発がんの分子機構に関する研究(ヒトがんの発生ならびに転移を抑制する遺伝子の解析)(総括研究報告書)

P19細胞にヒトBMP-4 cDNAをトランスフェクトするとpTLx-レポーターの活性化が見られるが、DAN を同時に発現させるとそれが抑制されることを見い出した。P19細胞へのrhBMP-2の添加により、Smad-1のリン酸化が惹起される系を確立した。in vitroにおいて
DANとBMP-2が結合することを確認した。マウス骨芽細胞(MC3T3E1)の骨分化の開始後の初期(4日目)からDANの発現が誘導されてくることが判明した。DANは哺乳動物の成体各組織で高発現していることから、アフリカツメガエルの初期胚におけるBMPのアンタゴニスト以外の役割を担っていることが推察される。今後は成体におけるDANの作用機序を特に細胞増殖抑制能の観点から究明する。2) DAN遺伝子をコードするゲノムDNAをクローン化し、エクソン領域のマッピングを行った後、置換型ベクターを作成し、R1ES細胞に導入した。G418耐性クローン240の内、2クローンについて相同組換え体であることが確認された。これらの2クローンを用いて、キメラマウスを作成し、内1クローンから生殖系列のキメラが作成された。

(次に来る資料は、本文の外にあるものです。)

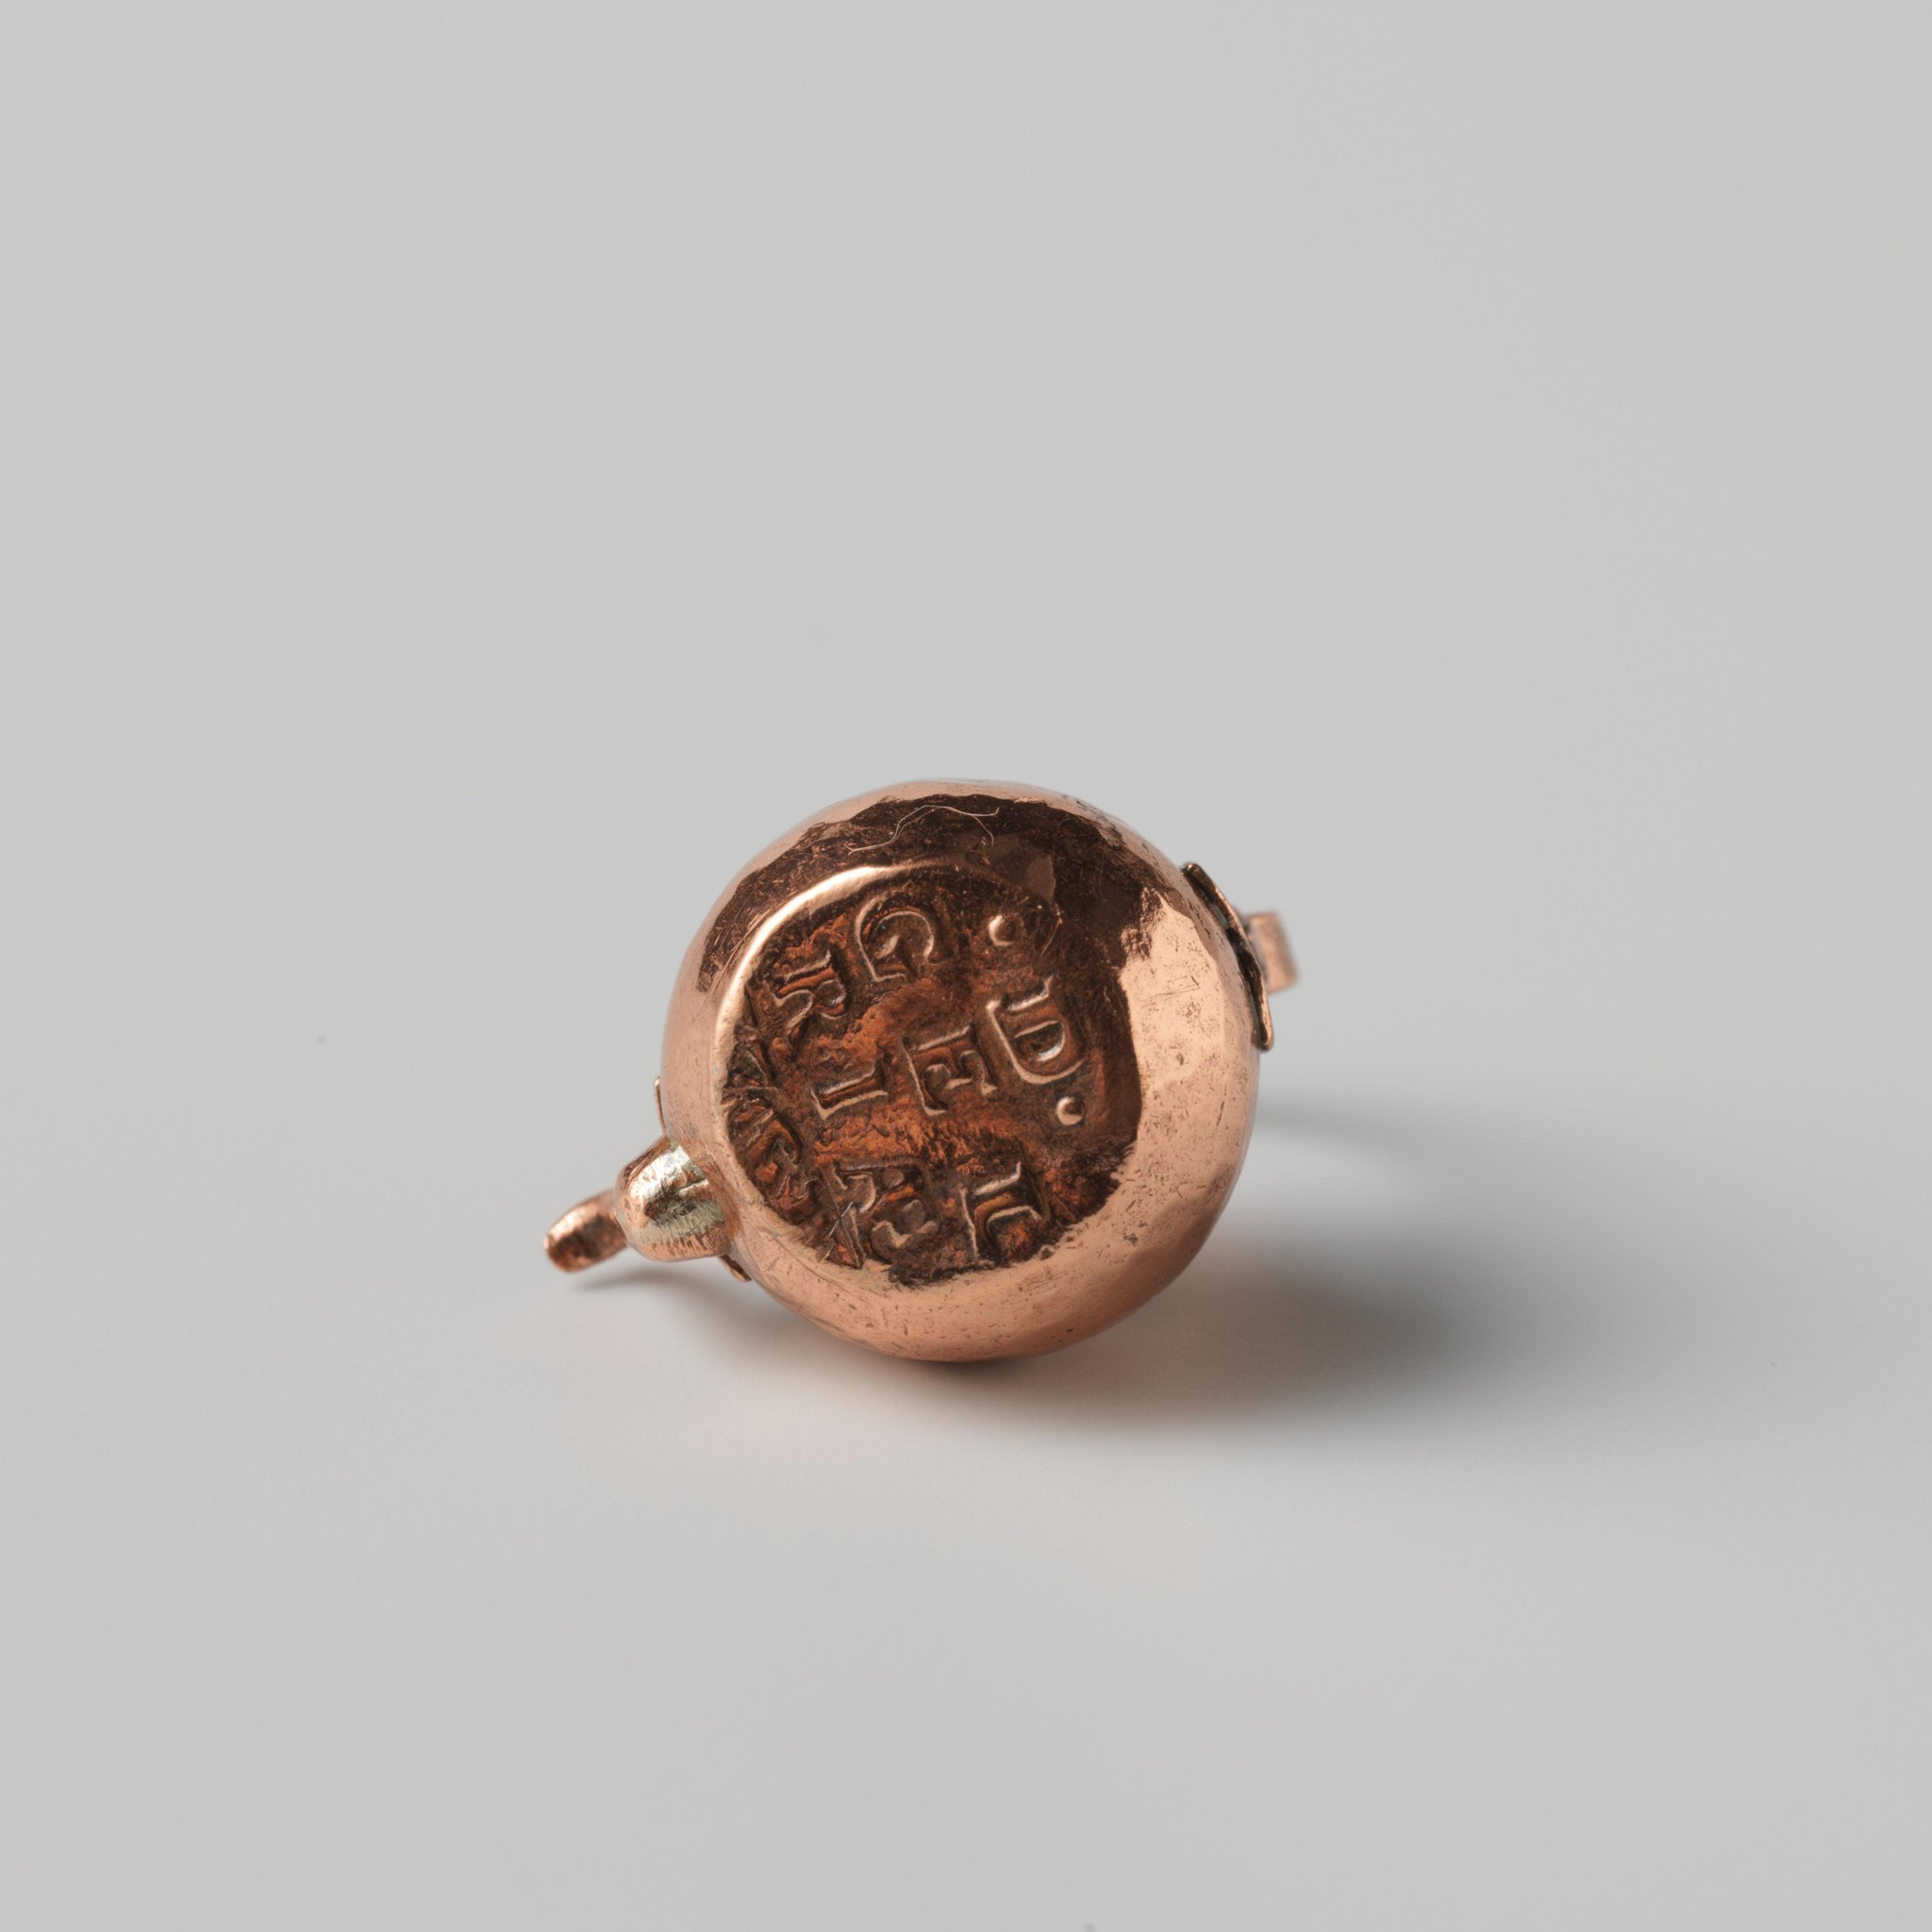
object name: teakettle
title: Waterketel, geslagen uit een Gelderse duit van 1760
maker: Anonymous
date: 1760
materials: brass, copper, metal alloy
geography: amsterdam
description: Waterketel van koper, van binnen vertind; geslagen uit Gelderse munt van 1760. Op onderzijde een wapen en jaartal.
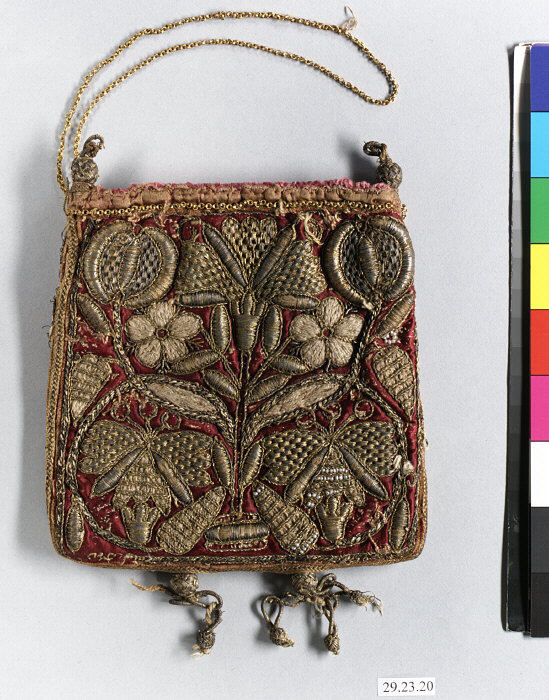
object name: bag
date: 1601-1633
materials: metal thread, silk
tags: flowers

ニワトリDANは胚発生の初期において様々な組織においてダイナミックに発現していることが示され、BMPファミリーの実行濃度を滴定して細胞機能を制御する可能性が示唆された。3)1p36.3 領域にマップされているがん抑制遺伝子候補である p73 について解析し、次の点を明らかにした。神経芽腫と肺がんで見られたP405RとP425Lの変異が存在するp53 にはない p73 の COOH-末端領域の機能を知るために、p73a の種々の変異体を作製し、それらの機能を調べた。まず、p21, Mdm2, Bax のプロモーターを持つ各ルシフェラーゼレポーターを用いたアッセイの結果、p73a の COOH-末端領域(アミノ酸 549-636)を欠失した変異体では、野生型の p73a に比べて顕著な転写活性化能の増強が観察された。さらに、機能的な p53 を欠く Saos-2 細胞を用いたコロニー形成実験を行った結果、p73a の同領域を欠失した変異体では、野生型の p73a に比べて顕著な細胞増殖抑制能の阻害が観察された。 また、P405RまたはP425Lの変異をもつ p73a を同様の系で解析したところ、p73a (P425L) で転写活性化能の抑制とアポトーシス誘導能の低下が見られた。4)神経芽細胞腫、肺がん、乳がん、肝がんなどにおけるヒト1番染色体短腕の共通欠失領域(1p36.2-p36.3)に神経芽細胞腫株で0.5Mbのホモ欠失を見出し、800 kb に及ぶ PAC コンティグを作成した。現在までに約 60% のシークェンスを完了し、ホモ欠失が 500 kb であること、少なくとも6つの遺伝子が存在し、そのうちの3つは神経芽腫の予後良好なものでは高く発現し予後不良なものでは低くなっていることを明らかにした。 ヒト1番染色体でのがんにおけるホモ欠失の報告はこれが初めてであり、これまでに同定された遺伝子並びに未同定のものも含めてその機能解析を行うことがが必須である。また、大腸がんの LOH 解析から共通欠失領域と同定された1p35 領域(約 3 Mb)のBAC コンティグを作成した。現在、部分シークエンスから EST を同定し、候補遺伝子の同定作業を進めている。5)マウスメラノーマ細胞B16由来で低転移性(F1)と高転移性(BL6)の細胞株間で血管新生能とその調節機構を検討し、以下の知見を得た。腫瘍血管新生能、低酸素下におけるVEGF mRNAの発現、VEGFプロモーターを用いたレポーターの活性の何れにおいてもBL6で高値を示した。さらに、低酸素下におけるHIF1-a の発現量がBL6において顕著に亢進していることが判明した。最近、VHLがHIF1-a の安定化に関与していることが報告され、BL6細胞においてもVHLが関わっている可能性がある。一方、P29細胞をDMSO処理し(2%, 5日間)転移能の亢進した細胞で高発現または抑制される遺伝子として夫々epithelin、ST1/T1/Fit1を同定した。この系の特徴は単一クローンで転移能の差異のみを指標としているため、他の転移能比較実験系において問題となる遺伝子レベルでの差を無視できる点にある。epithelin、ST1/T1/Fit1 遺伝子発現の挙動はすでに樹立されている各種の高及び低転移性細胞株でも同様であった。今後、遺伝子導入法等により、これら遺伝子の転移能への関与を検討していく予定である。